TASK DESCRIPTION: Restate word for word every entry that appears below, skipping its pictures.

(Excerpts from a dataset)

######

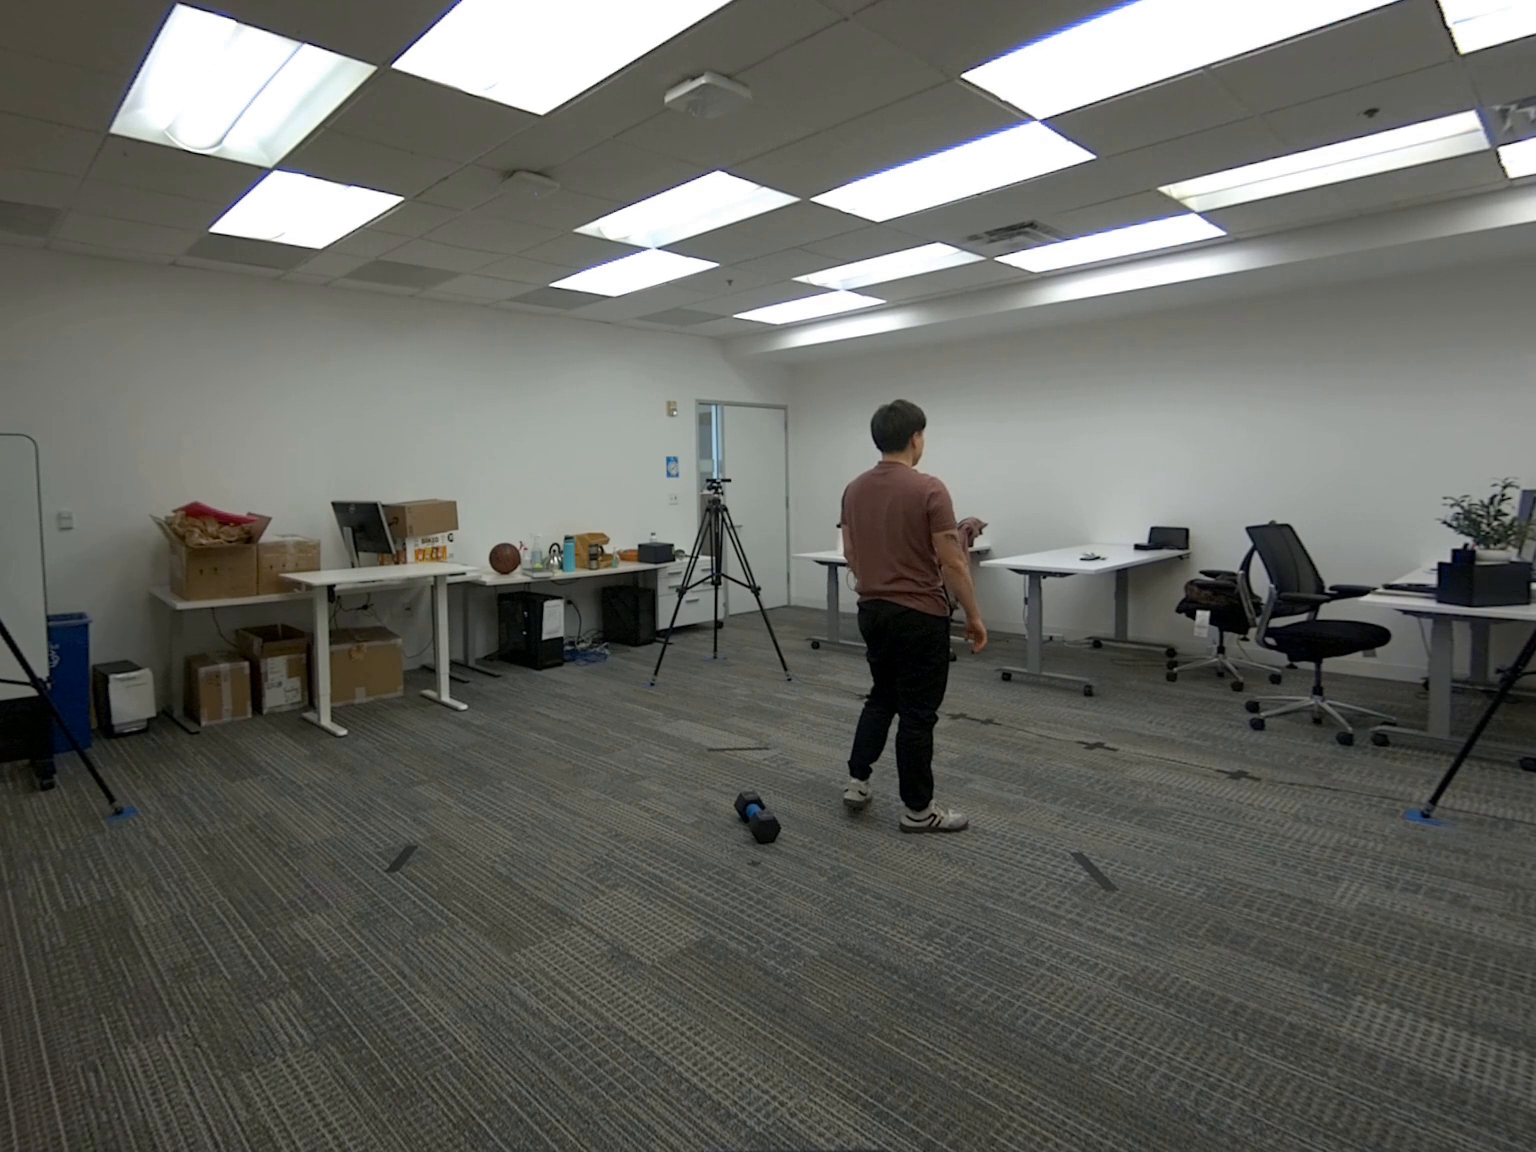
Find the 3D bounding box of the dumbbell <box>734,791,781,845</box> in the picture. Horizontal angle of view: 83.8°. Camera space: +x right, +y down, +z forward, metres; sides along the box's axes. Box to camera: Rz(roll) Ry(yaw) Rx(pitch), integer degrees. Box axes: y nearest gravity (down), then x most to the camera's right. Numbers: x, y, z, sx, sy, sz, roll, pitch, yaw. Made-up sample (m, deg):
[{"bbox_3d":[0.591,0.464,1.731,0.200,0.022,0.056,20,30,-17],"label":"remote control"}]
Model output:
[{"bbox_3d":[-0.040,0.960,3.402,0.121,0.108,0.298,-1,6,-15],"label":"dumbbell"}]
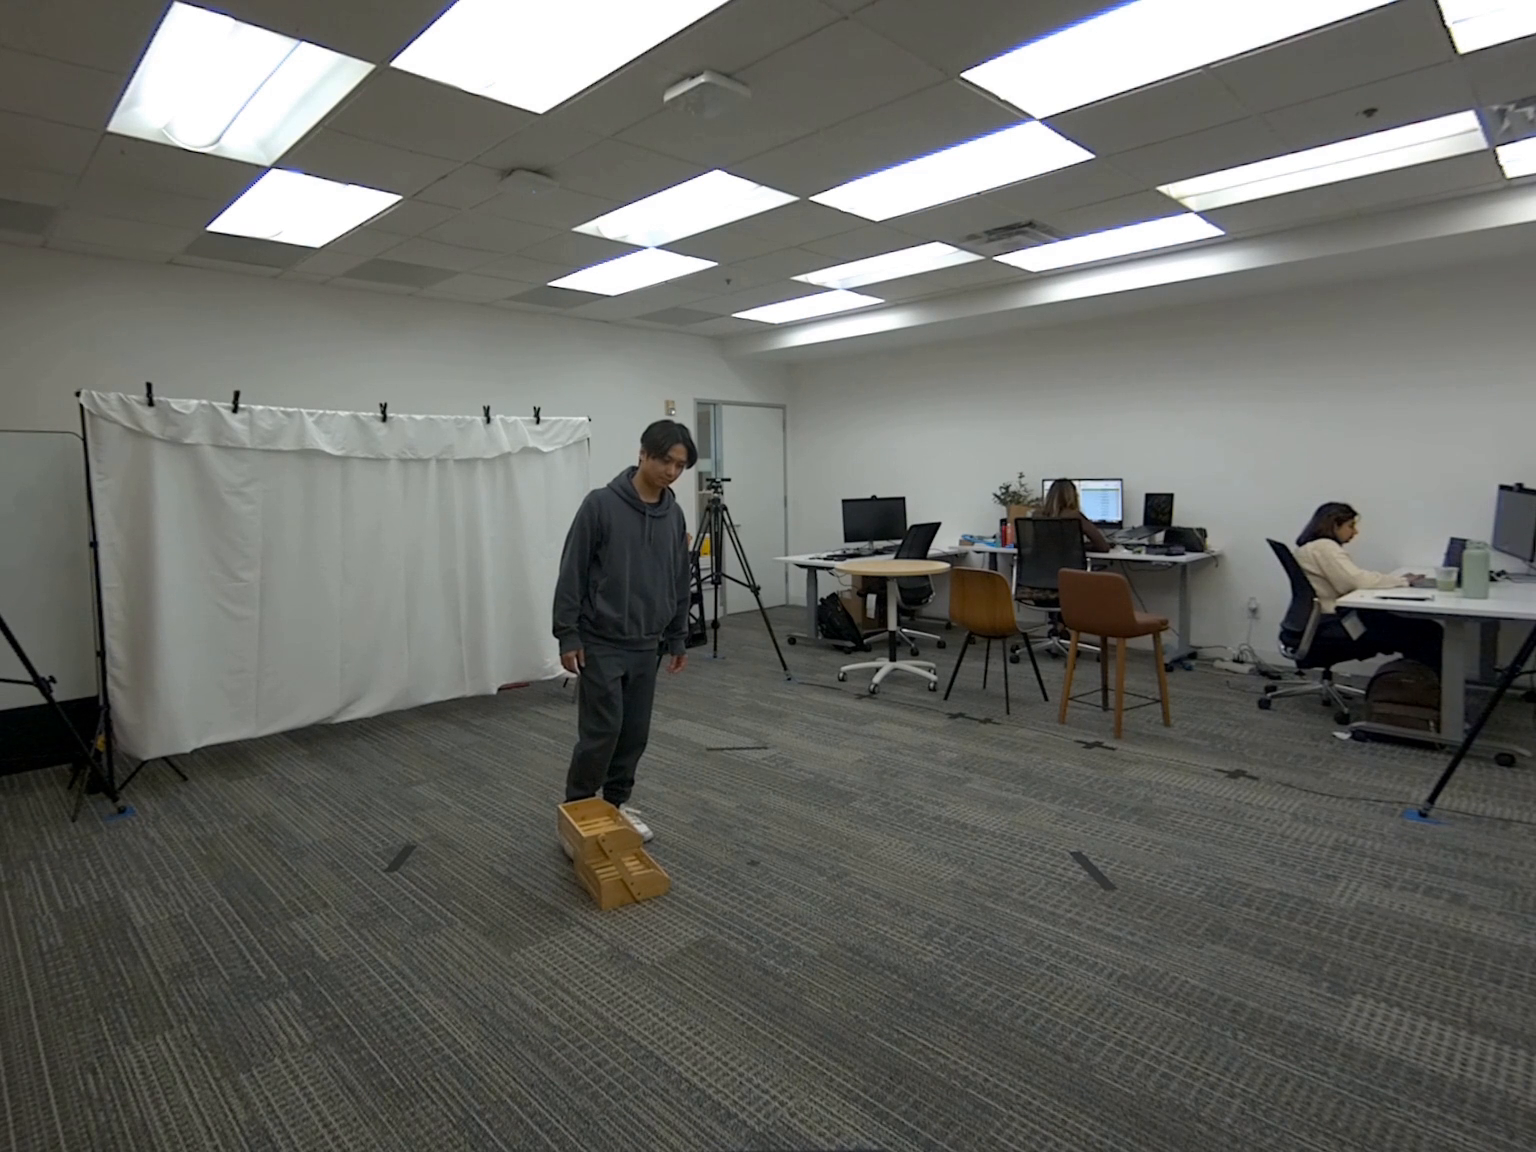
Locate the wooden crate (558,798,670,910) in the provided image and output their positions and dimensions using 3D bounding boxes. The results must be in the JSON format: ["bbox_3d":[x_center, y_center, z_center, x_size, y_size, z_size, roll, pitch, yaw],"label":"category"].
[{"bbox_3d":[-0.529,0.931,2.953,0.295,0.272,0.333,-5,7,-28],"label":"wooden crate"}]
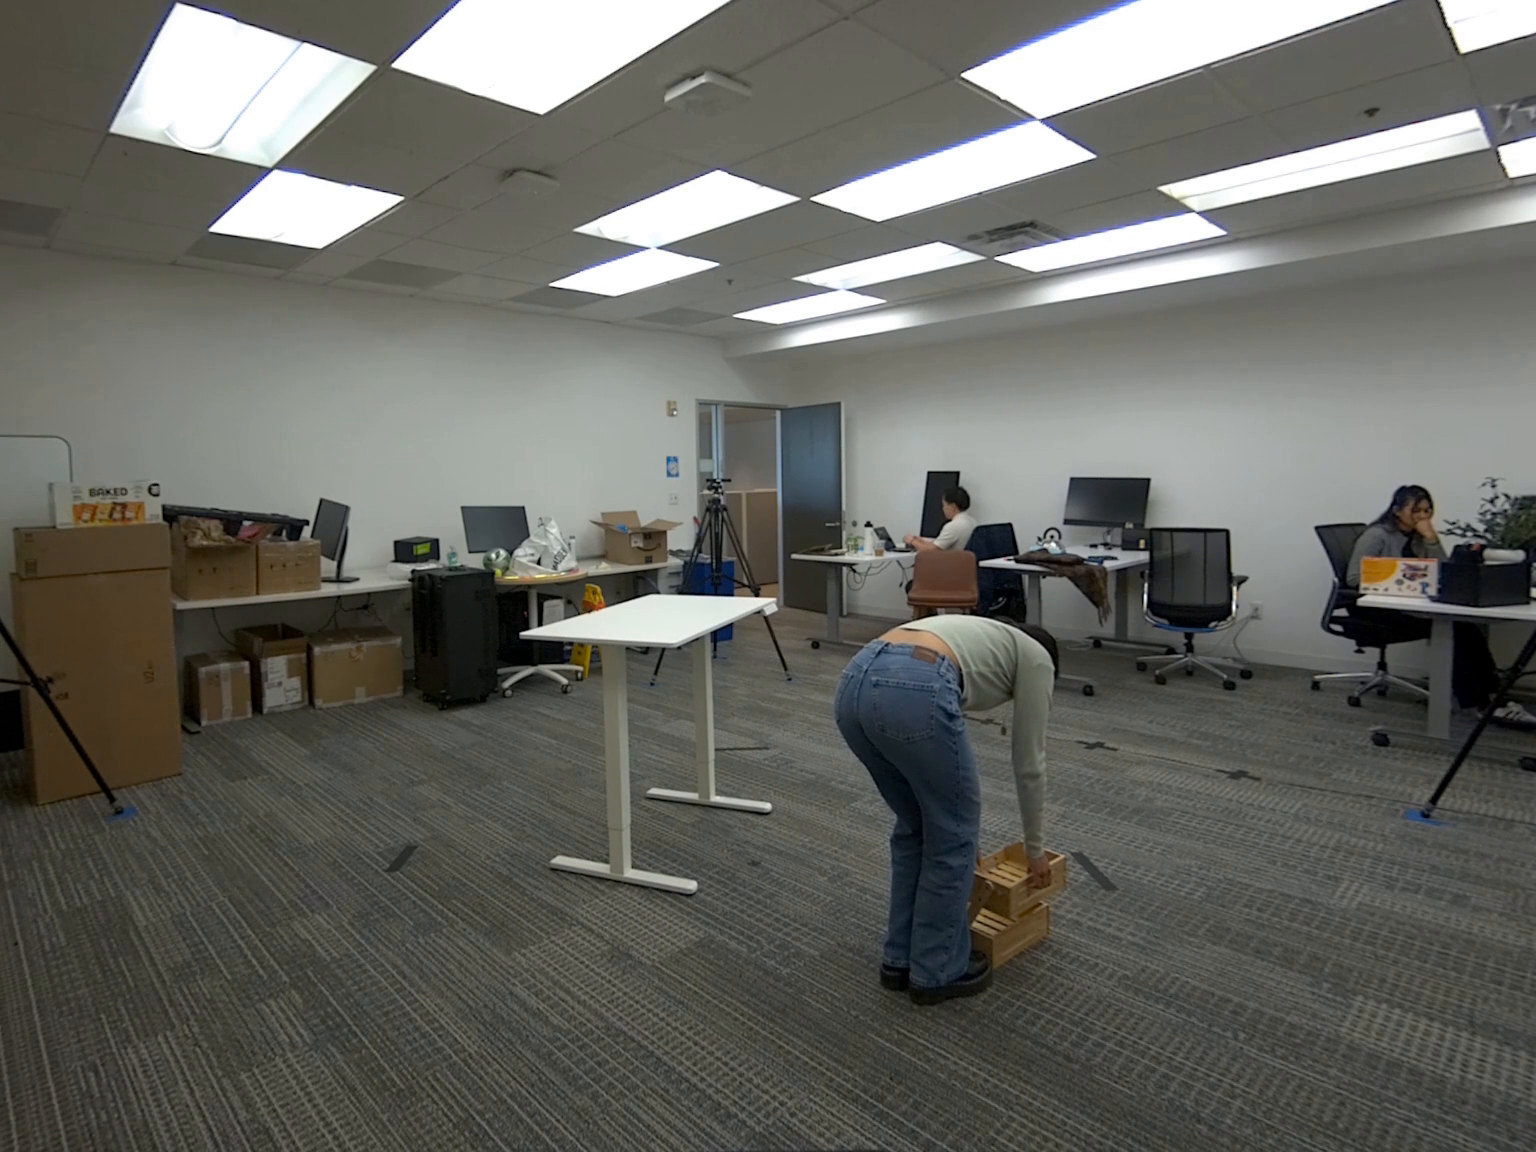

######

RESPONSE AREA:
Find the 3D bounding box of the dumbbell <box>734,791,781,845</box> in the picture. Horizontal angle of view: 83.8°. Camera space: +x right, +y down, +z forward, metres; sides along the box's axes. Box to camera: Rz(roll) Ry(yaw) Rx(pitch), integer degrees. Box axes: y nearest gravity (down), then x most to the camera's right. Numbers: x, y, z, sx, sy, sz, roll, pitch, yaw. Made-up sample (m, deg):
[{"bbox_3d":[0.591,0.464,1.731,0.200,0.022,0.056,20,30,-17],"label":"remote control"}]
Model output:
[{"bbox_3d":[-0.040,0.960,3.402,0.121,0.108,0.298,-1,6,-15],"label":"dumbbell"}]
Locate the wooden crate (558,798,670,910) in the provided image and output their positions and dimensions using 3D bounding boxes. The results must be in the JSON format: ["bbox_3d":[x_center, y_center, z_center, x_size, y_size, z_size, roll, pitch, yaw],"label":"category"].
[{"bbox_3d":[-0.529,0.931,2.953,0.295,0.272,0.333,-5,7,-28],"label":"wooden crate"}]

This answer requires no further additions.